>>>>>
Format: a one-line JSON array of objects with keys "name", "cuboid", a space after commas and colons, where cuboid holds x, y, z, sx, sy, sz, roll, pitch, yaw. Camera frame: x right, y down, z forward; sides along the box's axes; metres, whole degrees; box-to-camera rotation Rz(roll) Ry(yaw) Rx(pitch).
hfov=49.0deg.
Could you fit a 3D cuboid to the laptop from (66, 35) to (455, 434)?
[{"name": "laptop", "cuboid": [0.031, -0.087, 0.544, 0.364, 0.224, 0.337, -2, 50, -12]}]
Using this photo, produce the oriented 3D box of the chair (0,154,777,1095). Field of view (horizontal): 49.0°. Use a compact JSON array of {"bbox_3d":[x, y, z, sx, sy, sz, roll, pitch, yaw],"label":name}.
<<<<<
>>>>>
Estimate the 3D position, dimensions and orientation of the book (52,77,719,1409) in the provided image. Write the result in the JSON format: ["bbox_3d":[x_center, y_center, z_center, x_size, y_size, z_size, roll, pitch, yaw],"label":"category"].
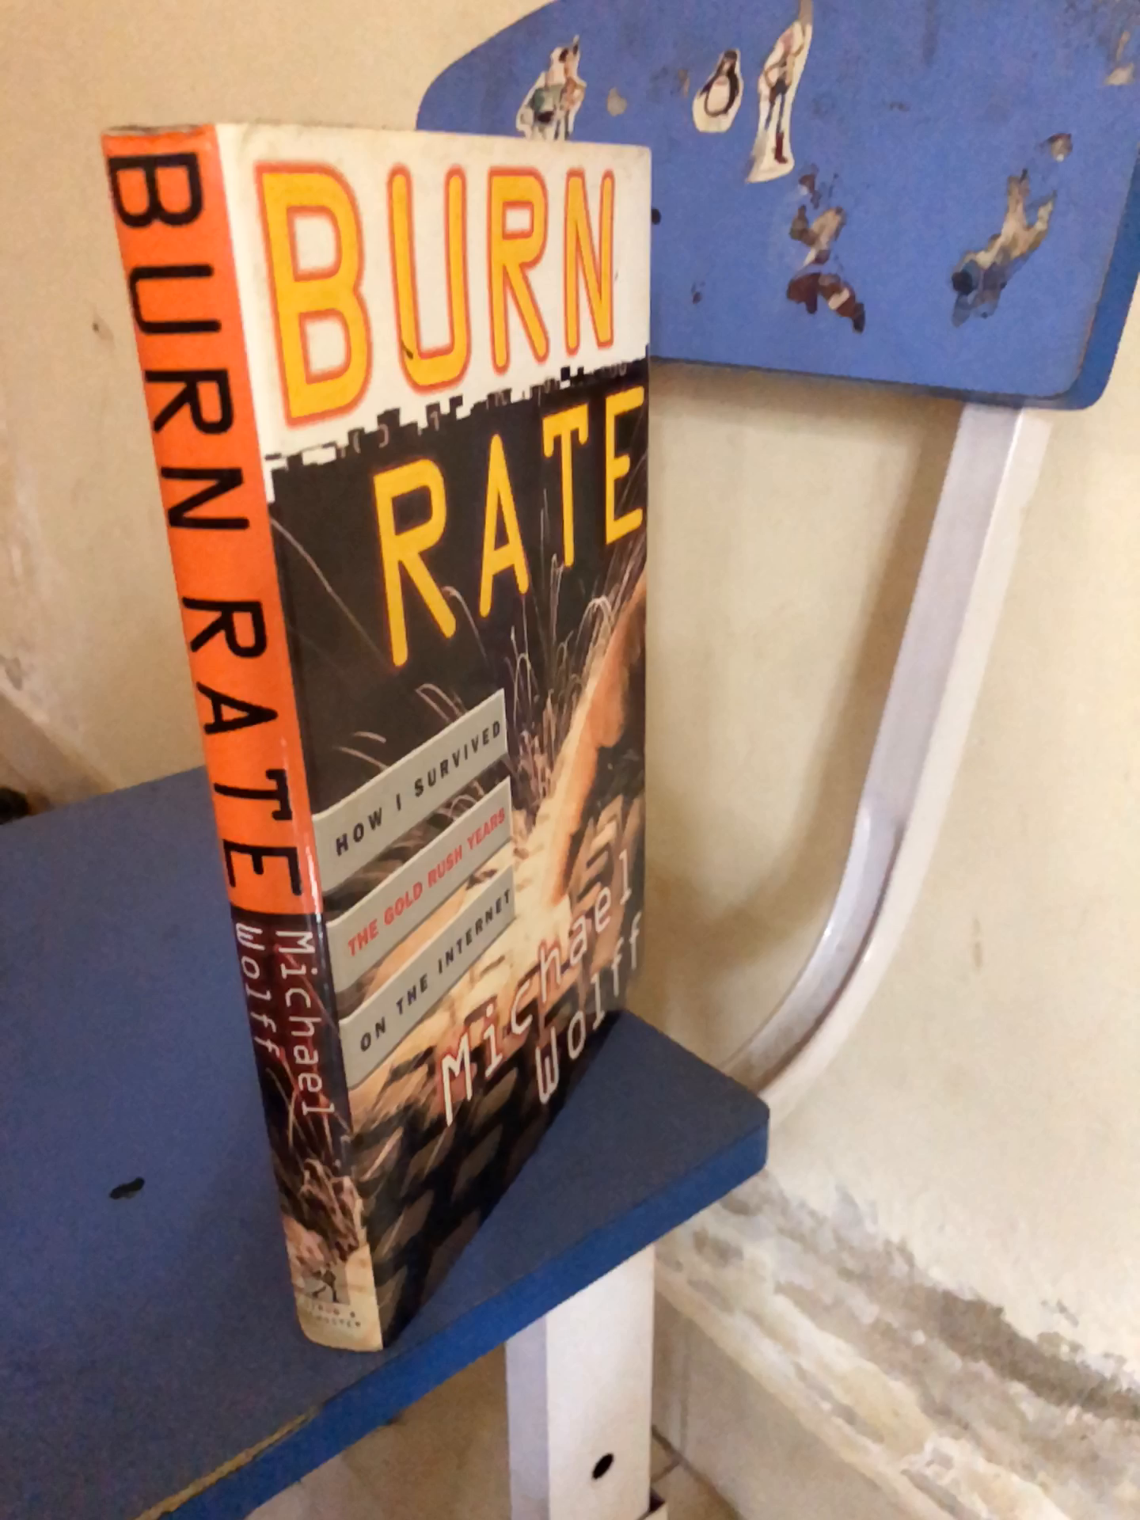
<<<<<
**Assignment:** Find and copy each line of the material that holds the word "label".

**Answer section:**
Using this photo, produce the oriented 3D box of the chair (0,154,777,1095). Field of view (horizontal): 49.0°. Use a compact JSON array of {"bbox_3d":[x, y, z, sx, sy, sz, roll, pitch, yaw],"label":name}.
Estimate the 3D position, dimensions and orientation of the book (52,77,719,1409) in the provided image. Write the result in the JSON format: ["bbox_3d":[x_center, y_center, z_center, x_size, y_size, z_size, roll, pitch, yaw],"label":"category"].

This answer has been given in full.